MODEL_DIR = "models"
OUT_DIR_SHAPES = os.path.join(MODEL_DIR, "plots", "shape_plots")
OUT_DIR_SUMMARY = os.path.join(MODEL_DIR, "plots", "summary_plots")


os.makedirs(OUT_DIR_SHAPES, exist_ok=True)
os.makedirs(OUT_DIR_SUMMARY, exist_ok=True)

sexes = ["M", "F"]
TOP_K = 15  # number of feature-wise shape plots per model to save

# Base datasets we trained from
base_variants = {
    "tnpca": os.path.join(INPUT_DIR, "ebm_input_tnpca.csv"),
    "vae":   os.path.join(INPUT_DIR, "ebm_input_vae.csv"),
    "pca":   os.path.join(INPUT_DIR, "ebm_input_pca.csv"),
}

# For each base dataset, which model variants exist?
# These must match what ebm_alcohol.py trains/saves.
model_variants_by_base = {
    "tnpca": ["tnpca", "cog_only", "tnpca_only"],
    "vae":   ["vae", "vae_only"],
    "pca":   ["pca", "pca_only"],
}

def load_model(model_path):
    obj = joblib.load(model_path)
    if isinstance(obj, dict):
        pipe = obj["model"]
        features = obj.get("features", None)
    else:
        pipe = obj
        features = None

    # If this is an imblearn/sklearn pipeline with a "model" step, extract EBM
    if hasattr(pipe, "named_steps") and "model" in pipe.named_steps:
        ebm = pipe.named_steps["model"]
    else:
        ebm = pipe

    return ebm, features



In [9]:

for base_variant, data_path in base_variants.items():
    if not os.path.exists(data_path):
        print(f"[WARN] missing {data_path}, skipping base_variant={base_variant}")
        continue

    df = pd.read_csv(data_path)

    if "Gender" not in df.columns or "alc_y" not in df.columns:
        raise ValueError(f"'Gender' or 'alc_y' missing in {data_path}")
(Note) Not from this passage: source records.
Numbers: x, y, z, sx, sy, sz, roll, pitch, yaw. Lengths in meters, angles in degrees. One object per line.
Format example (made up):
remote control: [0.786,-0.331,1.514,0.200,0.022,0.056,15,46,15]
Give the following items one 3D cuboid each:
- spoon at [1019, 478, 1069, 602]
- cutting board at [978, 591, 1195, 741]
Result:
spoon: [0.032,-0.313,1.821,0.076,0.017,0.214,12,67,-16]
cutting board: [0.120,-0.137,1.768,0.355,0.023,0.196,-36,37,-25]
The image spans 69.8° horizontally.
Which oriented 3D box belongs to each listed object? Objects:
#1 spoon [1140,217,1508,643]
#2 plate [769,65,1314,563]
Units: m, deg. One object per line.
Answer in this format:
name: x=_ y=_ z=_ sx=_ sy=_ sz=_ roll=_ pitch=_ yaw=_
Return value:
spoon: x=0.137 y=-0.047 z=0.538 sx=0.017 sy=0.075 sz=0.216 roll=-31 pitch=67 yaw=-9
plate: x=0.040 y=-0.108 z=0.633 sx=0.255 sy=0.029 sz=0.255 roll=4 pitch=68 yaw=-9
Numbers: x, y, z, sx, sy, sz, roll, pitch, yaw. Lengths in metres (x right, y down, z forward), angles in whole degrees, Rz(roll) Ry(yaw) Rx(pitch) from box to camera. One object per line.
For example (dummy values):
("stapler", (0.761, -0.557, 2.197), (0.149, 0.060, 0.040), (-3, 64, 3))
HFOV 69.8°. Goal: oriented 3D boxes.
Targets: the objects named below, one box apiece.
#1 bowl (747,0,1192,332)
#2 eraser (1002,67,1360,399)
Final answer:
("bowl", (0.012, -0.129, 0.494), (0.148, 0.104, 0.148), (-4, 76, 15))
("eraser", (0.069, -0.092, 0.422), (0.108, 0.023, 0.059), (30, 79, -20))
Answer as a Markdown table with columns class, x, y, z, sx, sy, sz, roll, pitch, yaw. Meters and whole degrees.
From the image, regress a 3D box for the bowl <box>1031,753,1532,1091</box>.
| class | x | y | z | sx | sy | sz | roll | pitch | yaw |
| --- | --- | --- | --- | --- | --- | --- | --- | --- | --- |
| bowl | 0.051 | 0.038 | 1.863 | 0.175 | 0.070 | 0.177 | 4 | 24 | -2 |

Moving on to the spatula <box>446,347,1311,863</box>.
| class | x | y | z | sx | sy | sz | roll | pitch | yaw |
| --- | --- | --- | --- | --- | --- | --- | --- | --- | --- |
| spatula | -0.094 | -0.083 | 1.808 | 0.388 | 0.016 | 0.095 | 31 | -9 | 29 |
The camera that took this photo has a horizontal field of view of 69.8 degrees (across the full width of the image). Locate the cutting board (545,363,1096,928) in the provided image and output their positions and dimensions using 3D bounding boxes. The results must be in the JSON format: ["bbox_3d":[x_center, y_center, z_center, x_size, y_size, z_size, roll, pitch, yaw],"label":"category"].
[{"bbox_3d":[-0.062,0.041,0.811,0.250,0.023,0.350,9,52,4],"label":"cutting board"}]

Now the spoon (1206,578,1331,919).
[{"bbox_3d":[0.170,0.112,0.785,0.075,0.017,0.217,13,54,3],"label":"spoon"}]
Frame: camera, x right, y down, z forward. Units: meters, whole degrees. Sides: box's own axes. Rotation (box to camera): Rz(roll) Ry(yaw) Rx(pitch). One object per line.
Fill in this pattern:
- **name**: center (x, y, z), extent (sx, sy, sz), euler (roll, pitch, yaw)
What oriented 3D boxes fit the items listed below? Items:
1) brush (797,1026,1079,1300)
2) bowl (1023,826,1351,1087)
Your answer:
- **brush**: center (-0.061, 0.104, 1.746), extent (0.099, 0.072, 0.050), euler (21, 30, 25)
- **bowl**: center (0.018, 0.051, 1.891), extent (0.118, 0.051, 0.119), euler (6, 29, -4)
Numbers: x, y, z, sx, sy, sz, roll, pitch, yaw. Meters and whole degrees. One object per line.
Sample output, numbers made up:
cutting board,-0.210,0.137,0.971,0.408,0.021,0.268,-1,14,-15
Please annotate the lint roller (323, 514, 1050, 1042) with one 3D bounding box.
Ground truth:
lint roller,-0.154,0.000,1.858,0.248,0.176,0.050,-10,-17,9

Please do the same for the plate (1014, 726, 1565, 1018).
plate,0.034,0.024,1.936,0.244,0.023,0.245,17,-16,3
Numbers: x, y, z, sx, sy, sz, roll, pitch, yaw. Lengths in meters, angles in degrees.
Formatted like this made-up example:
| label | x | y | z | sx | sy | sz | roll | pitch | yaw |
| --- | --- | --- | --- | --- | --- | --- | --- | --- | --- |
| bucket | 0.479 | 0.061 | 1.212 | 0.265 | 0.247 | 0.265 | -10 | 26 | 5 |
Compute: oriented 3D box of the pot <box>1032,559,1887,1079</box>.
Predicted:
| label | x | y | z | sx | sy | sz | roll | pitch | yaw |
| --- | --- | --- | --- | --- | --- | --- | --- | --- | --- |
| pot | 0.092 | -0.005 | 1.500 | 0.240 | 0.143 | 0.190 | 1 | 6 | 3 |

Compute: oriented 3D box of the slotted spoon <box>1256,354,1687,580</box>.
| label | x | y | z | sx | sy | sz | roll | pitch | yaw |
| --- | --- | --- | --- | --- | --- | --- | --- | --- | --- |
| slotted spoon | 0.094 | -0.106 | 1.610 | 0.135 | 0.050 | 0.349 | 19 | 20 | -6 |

    model_variants = model_variants_by_base[base_variant]

    for sex in sexes:
        df_sex = df[df["Gender"] == sex].copy()
        if df_sex.empty:
            print(f"[INFO] no rows for sex={sex}, base_variant={base_variant}, skipping")
            continue

        pos_rate = df_sex["alc_y"].mean()
        print(f"\n=== sex={sex}, base_variant={base_variant} (pos rate={pos_rate:.3f}) ===")

        for variant in model_variants:
            model_path = os.path.join(MODEL_DIR, f"ebm_{sex}_{variant}.pkl")
            if not os.path.exists(model_path):
                print(f"  [WARN] missing model {model_path}, skipping variant={variant}")
                continue

            print(f"  -> plots for model variant={variant}")

            ebm, feat_list = load_model(model_path)

            # Global explanation
            global_expl = ebm.explain_global(name=f"{sex}-{variant}")

            # ----- 1) Summary / coverage plot (feature importance) -----
            summary_fig = global_expl.visualize()   # overview bar chart
            summary_fig.update_layout(
                title=f"{sex} - {variant} - Feature importance summary",
                margin=dict(l=80, r=20, t=60, b=50),
            )

            summary_path = os.path.join(
                OUT_DIR_SUMMARY, f"summary_{sex}_{variant}.png"
            )
            summary_fig.write_image(summary_path, width=900, height=700, scale=2)
            print("     saved summary plot:", summary_path)

            # ----- 2) Top-K shape plots -----
            data_all = global_expl.data()
            term_names = data_all["names"]
            n_terms = len(term_names)
            print("     number of terms:", n_terms)

            K = min(TOP_K, n_terms)

            for idx in range(K):
                name = term_names[idx]
                safe_name = str(name).replace(" ", "_").replace("/", "_")

                fig = global_expl.visualize(idx)
                fig.update_layout(
                    title=f"{sex} - {variant} - {name}",
                    margin=dict(l=50, r=20, t=60, b=50),
                )

                out_path = os.path.join(
                    OUT_DIR_SHAPES,
                    f"shape_{sex}_{variant}_{idx:02d}_{safe_name}.png"
                )
                fig.write_image(out_path, width=800, height=600, scale=2)
                print("       saved shape plot:", out_path)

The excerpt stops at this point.